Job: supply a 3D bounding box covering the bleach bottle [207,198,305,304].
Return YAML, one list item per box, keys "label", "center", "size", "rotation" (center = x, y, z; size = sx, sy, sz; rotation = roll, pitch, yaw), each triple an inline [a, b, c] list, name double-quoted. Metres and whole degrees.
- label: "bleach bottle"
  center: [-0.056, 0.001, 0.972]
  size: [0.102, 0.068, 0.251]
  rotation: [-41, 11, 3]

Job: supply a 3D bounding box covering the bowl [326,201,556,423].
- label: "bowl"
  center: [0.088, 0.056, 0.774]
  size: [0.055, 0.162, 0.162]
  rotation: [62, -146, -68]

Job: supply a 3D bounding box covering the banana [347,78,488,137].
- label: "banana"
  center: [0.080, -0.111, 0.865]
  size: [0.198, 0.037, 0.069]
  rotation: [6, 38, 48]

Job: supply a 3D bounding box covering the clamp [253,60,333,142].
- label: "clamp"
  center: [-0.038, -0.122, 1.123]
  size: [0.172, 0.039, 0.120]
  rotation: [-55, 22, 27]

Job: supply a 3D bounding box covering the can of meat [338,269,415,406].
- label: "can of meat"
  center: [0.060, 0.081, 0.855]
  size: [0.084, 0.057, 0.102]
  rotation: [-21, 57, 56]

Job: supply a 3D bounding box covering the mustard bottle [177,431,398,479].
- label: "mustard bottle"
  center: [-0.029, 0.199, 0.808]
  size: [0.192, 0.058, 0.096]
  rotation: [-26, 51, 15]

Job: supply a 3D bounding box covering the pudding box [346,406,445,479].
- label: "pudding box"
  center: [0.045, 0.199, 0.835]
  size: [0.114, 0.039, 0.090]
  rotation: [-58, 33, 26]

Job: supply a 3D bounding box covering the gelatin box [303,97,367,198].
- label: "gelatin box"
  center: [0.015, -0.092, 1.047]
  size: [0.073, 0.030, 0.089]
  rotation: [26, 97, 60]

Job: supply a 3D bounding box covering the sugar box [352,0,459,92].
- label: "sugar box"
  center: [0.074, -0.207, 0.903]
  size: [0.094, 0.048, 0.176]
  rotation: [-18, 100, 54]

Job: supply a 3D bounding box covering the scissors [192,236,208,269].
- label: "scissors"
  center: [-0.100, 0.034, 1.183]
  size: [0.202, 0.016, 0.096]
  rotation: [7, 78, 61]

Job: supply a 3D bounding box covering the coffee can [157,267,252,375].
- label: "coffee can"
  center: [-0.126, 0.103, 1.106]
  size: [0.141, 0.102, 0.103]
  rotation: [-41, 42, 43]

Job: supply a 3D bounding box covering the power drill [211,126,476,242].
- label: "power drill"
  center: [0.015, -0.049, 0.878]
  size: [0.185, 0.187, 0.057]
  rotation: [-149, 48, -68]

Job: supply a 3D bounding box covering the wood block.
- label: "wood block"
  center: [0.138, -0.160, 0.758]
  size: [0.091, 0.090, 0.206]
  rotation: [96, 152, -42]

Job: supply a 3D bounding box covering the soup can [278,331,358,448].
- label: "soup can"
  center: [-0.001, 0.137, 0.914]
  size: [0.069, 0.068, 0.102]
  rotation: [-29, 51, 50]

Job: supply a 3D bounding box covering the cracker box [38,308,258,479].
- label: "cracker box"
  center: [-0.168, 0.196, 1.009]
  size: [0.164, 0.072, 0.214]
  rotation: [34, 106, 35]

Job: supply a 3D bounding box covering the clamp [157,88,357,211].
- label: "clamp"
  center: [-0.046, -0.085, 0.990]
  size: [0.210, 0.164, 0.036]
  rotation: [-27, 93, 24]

——

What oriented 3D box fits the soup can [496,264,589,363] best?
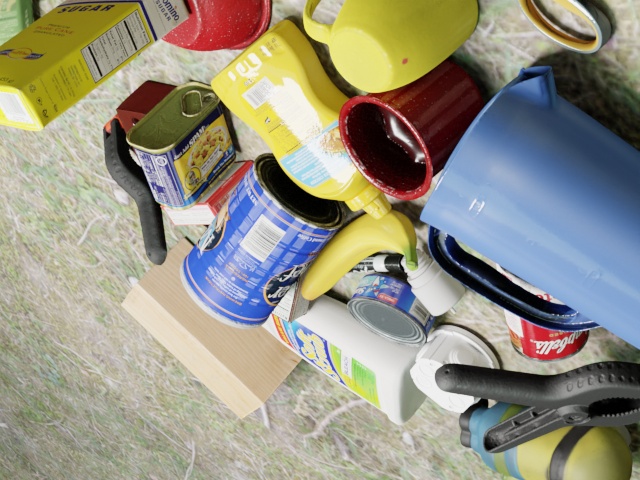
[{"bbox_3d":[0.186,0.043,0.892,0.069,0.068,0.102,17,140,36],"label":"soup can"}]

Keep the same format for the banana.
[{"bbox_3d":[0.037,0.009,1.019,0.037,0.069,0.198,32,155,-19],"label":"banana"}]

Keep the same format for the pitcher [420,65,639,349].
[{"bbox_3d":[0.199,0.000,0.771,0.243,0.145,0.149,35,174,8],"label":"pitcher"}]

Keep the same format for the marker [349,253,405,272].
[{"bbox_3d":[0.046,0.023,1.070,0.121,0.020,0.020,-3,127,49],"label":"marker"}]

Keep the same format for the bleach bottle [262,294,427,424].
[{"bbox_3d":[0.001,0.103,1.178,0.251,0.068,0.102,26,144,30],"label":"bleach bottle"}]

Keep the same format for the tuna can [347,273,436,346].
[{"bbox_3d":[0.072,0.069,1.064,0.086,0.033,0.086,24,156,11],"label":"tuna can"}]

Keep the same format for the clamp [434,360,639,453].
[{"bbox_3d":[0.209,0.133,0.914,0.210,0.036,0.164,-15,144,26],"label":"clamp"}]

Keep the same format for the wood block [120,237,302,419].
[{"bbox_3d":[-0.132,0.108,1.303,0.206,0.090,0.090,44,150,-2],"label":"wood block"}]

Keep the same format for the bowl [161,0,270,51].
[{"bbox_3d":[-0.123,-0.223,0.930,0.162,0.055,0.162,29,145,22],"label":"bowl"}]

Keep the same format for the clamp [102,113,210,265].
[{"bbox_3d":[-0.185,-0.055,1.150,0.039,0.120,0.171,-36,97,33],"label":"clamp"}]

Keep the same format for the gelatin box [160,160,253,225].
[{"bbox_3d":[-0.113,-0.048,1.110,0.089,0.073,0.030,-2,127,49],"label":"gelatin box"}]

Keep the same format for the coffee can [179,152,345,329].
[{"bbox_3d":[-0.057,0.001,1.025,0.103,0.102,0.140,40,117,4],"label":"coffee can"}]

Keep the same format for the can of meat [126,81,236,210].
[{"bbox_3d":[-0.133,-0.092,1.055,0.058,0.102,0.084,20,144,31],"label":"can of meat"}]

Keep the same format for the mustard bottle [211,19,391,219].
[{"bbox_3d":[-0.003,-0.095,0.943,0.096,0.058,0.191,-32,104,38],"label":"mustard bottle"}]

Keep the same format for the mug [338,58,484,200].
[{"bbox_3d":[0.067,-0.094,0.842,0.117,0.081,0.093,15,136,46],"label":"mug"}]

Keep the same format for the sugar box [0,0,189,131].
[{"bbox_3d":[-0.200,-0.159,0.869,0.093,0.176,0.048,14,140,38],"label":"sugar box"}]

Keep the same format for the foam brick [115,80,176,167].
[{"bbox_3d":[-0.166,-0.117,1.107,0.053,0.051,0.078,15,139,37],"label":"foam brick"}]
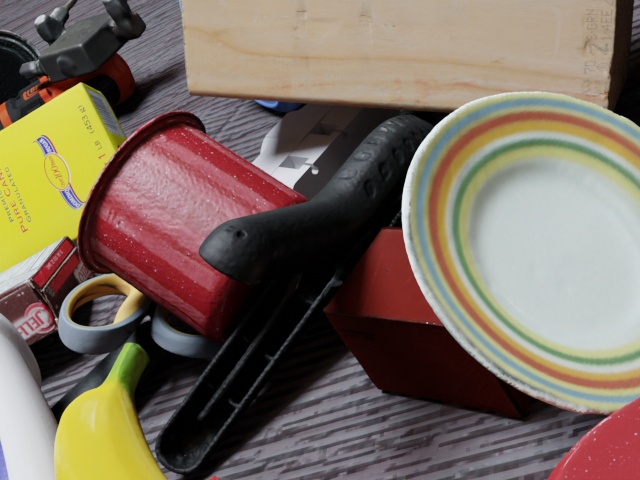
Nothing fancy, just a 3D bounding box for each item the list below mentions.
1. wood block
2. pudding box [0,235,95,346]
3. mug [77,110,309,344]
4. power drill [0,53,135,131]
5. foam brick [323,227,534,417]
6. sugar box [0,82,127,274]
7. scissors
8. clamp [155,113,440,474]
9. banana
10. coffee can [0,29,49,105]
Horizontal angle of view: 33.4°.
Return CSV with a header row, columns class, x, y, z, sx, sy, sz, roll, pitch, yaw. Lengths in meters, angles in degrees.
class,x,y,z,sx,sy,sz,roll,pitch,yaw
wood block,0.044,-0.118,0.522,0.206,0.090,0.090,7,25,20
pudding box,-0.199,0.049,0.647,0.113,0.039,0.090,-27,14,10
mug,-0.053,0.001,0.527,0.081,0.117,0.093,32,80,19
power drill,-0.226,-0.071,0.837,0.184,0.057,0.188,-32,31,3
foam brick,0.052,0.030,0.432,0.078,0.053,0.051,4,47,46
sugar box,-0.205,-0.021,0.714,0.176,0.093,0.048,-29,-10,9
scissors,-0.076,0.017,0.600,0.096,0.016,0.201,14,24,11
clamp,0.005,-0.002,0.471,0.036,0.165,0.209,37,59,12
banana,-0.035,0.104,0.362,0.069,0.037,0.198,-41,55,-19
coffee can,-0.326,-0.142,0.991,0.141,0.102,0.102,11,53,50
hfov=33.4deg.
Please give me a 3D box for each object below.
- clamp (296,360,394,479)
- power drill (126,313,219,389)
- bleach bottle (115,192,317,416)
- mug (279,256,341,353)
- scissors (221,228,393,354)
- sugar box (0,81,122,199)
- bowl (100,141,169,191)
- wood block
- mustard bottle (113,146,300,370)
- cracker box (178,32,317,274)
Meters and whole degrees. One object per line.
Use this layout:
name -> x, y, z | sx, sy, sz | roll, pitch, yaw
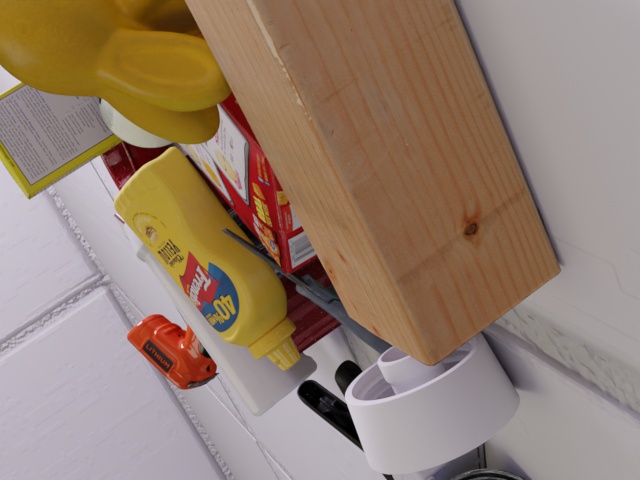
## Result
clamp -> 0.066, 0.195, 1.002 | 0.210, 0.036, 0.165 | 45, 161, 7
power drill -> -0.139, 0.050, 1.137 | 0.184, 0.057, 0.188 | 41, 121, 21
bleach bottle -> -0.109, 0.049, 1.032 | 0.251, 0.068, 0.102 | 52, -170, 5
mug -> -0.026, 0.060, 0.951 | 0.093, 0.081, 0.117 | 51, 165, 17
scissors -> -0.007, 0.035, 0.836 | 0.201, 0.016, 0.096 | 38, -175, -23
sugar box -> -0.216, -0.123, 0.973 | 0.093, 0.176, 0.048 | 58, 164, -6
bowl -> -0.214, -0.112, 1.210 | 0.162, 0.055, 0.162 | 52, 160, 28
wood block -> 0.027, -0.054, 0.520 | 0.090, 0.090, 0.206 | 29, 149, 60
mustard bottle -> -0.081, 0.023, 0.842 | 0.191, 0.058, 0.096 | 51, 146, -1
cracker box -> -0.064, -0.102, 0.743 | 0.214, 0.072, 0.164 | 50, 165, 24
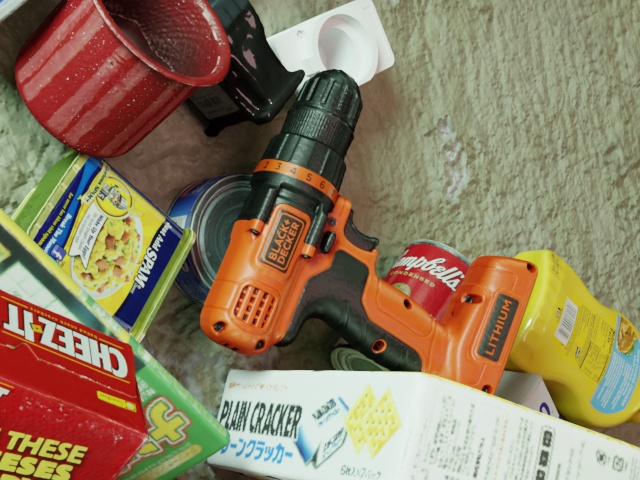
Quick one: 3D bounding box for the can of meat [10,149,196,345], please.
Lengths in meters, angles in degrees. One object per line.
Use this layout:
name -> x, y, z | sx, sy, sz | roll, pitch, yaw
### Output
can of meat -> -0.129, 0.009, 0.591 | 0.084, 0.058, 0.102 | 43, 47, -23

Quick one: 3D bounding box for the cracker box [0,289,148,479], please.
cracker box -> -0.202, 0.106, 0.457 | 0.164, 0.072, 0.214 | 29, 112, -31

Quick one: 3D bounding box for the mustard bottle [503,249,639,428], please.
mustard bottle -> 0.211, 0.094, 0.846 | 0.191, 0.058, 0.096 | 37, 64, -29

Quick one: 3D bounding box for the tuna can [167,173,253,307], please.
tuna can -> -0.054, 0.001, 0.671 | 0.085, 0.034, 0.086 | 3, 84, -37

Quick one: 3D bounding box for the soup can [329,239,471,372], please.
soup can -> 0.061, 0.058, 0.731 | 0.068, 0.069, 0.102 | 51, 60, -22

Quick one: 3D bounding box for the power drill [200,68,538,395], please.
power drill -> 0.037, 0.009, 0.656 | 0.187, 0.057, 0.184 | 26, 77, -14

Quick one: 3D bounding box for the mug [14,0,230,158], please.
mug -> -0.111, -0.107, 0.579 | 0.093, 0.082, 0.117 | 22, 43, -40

——

### Problem to solve:
Reproduce each line of the records in which the string "object" appears.

### Solution:
Please give me a 3D box for each object below.
Meters and whole degrees. One object per line.
Lengths in meters, angles in degrees. One object per line.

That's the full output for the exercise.